Comment faire la différence entre une obsession dite « normale » et les signes avant-coureurs d’un trouble dysmorphophobique ? L’expert Xavier Pommereau conseille – pour les parents d’enfants – de poser des questions et d’observer leurs comportements. Est-ce qu’iel n’est obsédé.e que par un seul défaut ? Est-ce que le défaut en question a quelque chose à voir avec la réalité ? Y a-t-il d’autres signes, notamment des troubles alimentaires ?
Les travaux de Katharine Phillips, psychiatre et spécialiste du sujet aux États-Unis, montrent que cette phobie engendre de nombreux problèmes. Des difficultés à suivre des études, à trouver du travail… cela entraine également des hospitalisation dans des services psychiatriques, de sévères dépressions et des tentatives de suicide.
Ainsi, il est très important d’être à l’écoute de son enfant et de soi-même et d’observer les changements de comportements, comme l’explique Clémence Viau, psychologue clinicienne :
- La pensée : « la partie du corps méprisée devient l’objet d’une hyperfocalisation, les préoccupations sont démesurées voire délirantes. »

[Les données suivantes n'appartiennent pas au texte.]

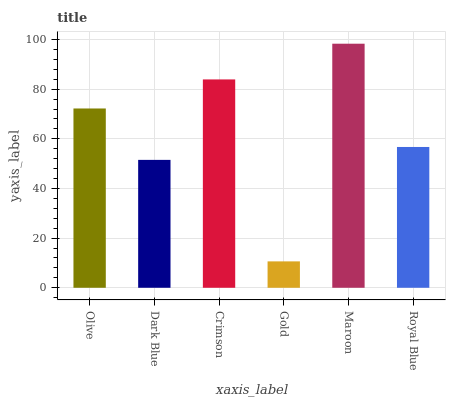Is Gold the minimum?
Answer yes or no. Yes. Is Maroon the maximum?
Answer yes or no. Yes. Is Dark Blue the minimum?
Answer yes or no. No. Is Dark Blue the maximum?
Answer yes or no. No. Is Olive greater than Dark Blue?
Answer yes or no. Yes. Is Dark Blue less than Olive?
Answer yes or no. Yes. Is Dark Blue greater than Olive?
Answer yes or no. No. Is Olive less than Dark Blue?
Answer yes or no. No. Is Olive the high median?
Answer yes or no. Yes. Is Royal Blue the low median?
Answer yes or no. Yes. Is Gold the high median?
Answer yes or no. No. Is Gold the low median?
Answer yes or no. No. 
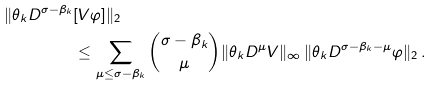<formula> <loc_0><loc_0><loc_500><loc_500>\| \theta _ { k } D ^ { \sigma - \beta _ { k } } & [ V \varphi ] \| _ { 2 } \\ & \leq \sum _ { \mu \leq \sigma - \beta _ { k } } \binom { \sigma - \beta _ { k } } { \mu } \| \theta _ { k } D ^ { \mu } V \| _ { \infty } \, \| \theta _ { k } D ^ { \sigma - \beta _ { k } - \mu } \varphi \| _ { 2 } \, .</formula> 
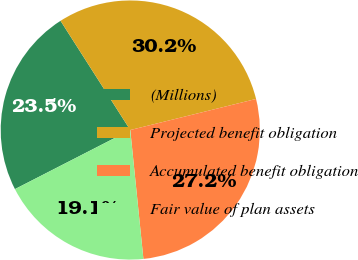Convert chart to OTSL. <chart><loc_0><loc_0><loc_500><loc_500><pie_chart><fcel>(Millions)<fcel>Projected benefit obligation<fcel>Accumulated benefit obligation<fcel>Fair value of plan assets<nl><fcel>23.49%<fcel>30.19%<fcel>27.24%<fcel>19.08%<nl></chart> 
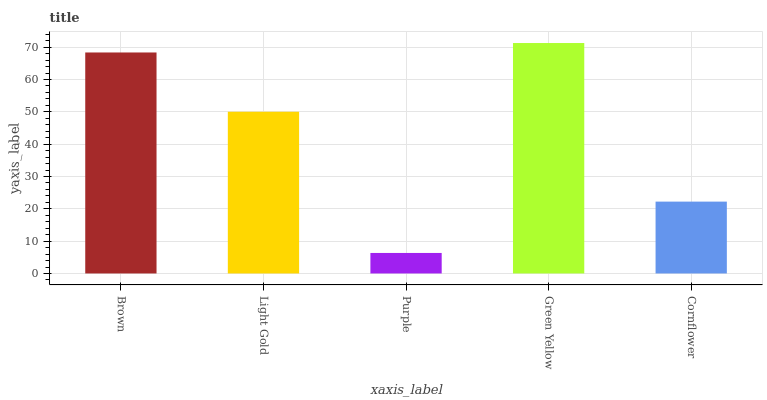Is Purple the minimum?
Answer yes or no. Yes. Is Green Yellow the maximum?
Answer yes or no. Yes. Is Light Gold the minimum?
Answer yes or no. No. Is Light Gold the maximum?
Answer yes or no. No. Is Brown greater than Light Gold?
Answer yes or no. Yes. Is Light Gold less than Brown?
Answer yes or no. Yes. Is Light Gold greater than Brown?
Answer yes or no. No. Is Brown less than Light Gold?
Answer yes or no. No. Is Light Gold the high median?
Answer yes or no. Yes. Is Light Gold the low median?
Answer yes or no. Yes. Is Brown the high median?
Answer yes or no. No. Is Green Yellow the low median?
Answer yes or no. No. 
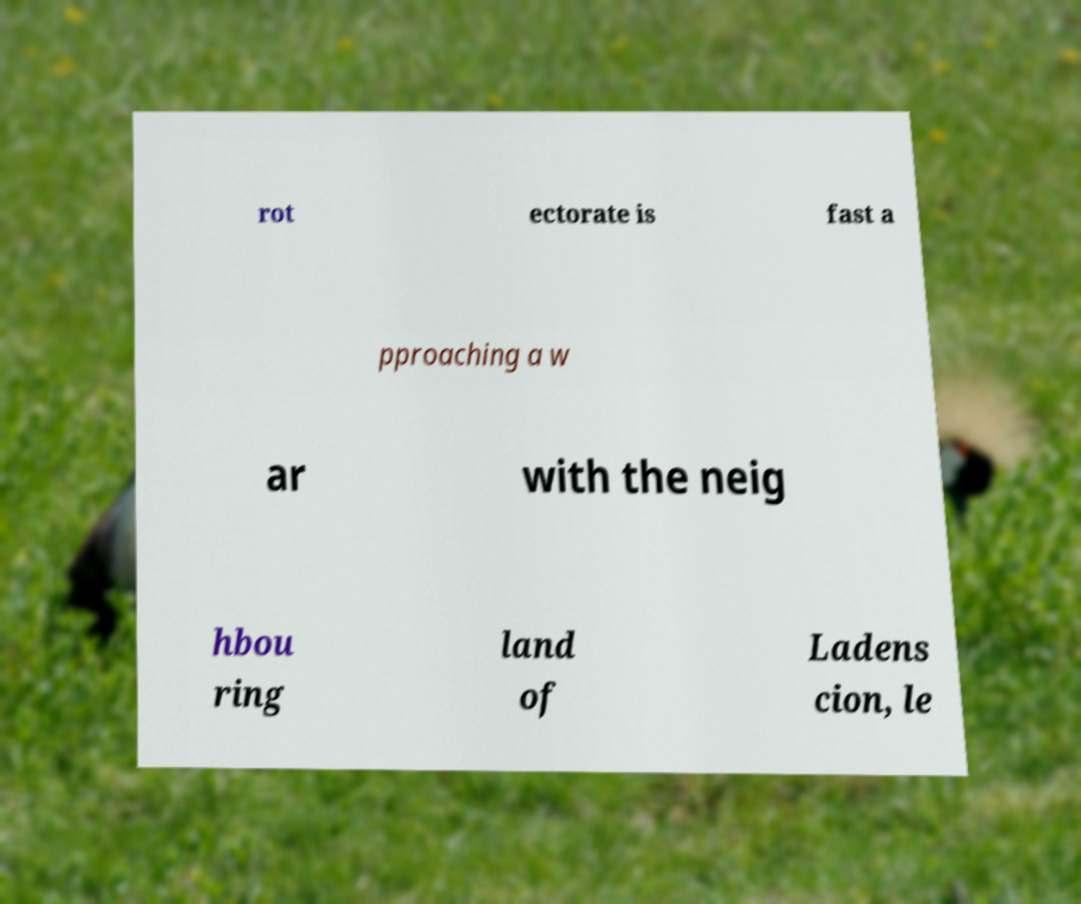Can you read and provide the text displayed in the image?This photo seems to have some interesting text. Can you extract and type it out for me? rot ectorate is fast a pproaching a w ar with the neig hbou ring land of Ladens cion, le

- Les émotions : « la personne éprouve de l’anxiété, un sentiment de honte et de culpabilité, la confiance en soi est abîmée. »
- Les comportements : « la personne sur-investit son corps en passant des heures à se sonder devant le miroir. Ou à l’inverse, met en place des stratégies d’évitement pour fuir son reflet. Fuir certaines situations sociales pouvant conduire à l’isolement et parfois même au suicide. »
En outre, il existe des examens cliniques pour établir un diagnostic de dysmorphophobie.
Comment y faire face & aider son entourage ?
Irrationnelle, obsédante et handicapante, la dysmorphophobie peut avoir des conséquences désastreuses. Rassurer les personnes est vain, car le soulagement n’est que temporaire et le problème est bien plus profond. Il faut généralement consulter un.e professionnel.le afin de se défaire réellement des pensées négatives.
Les thérapies comportementales et cognitives peuvent aussi être une solution. Elles consistent, notamment, à exposer le.a patient.e à ses complexes et à déconstruire les chemins de pensées erronées. Car prendre conscience du trouble c’est le début de la guérison.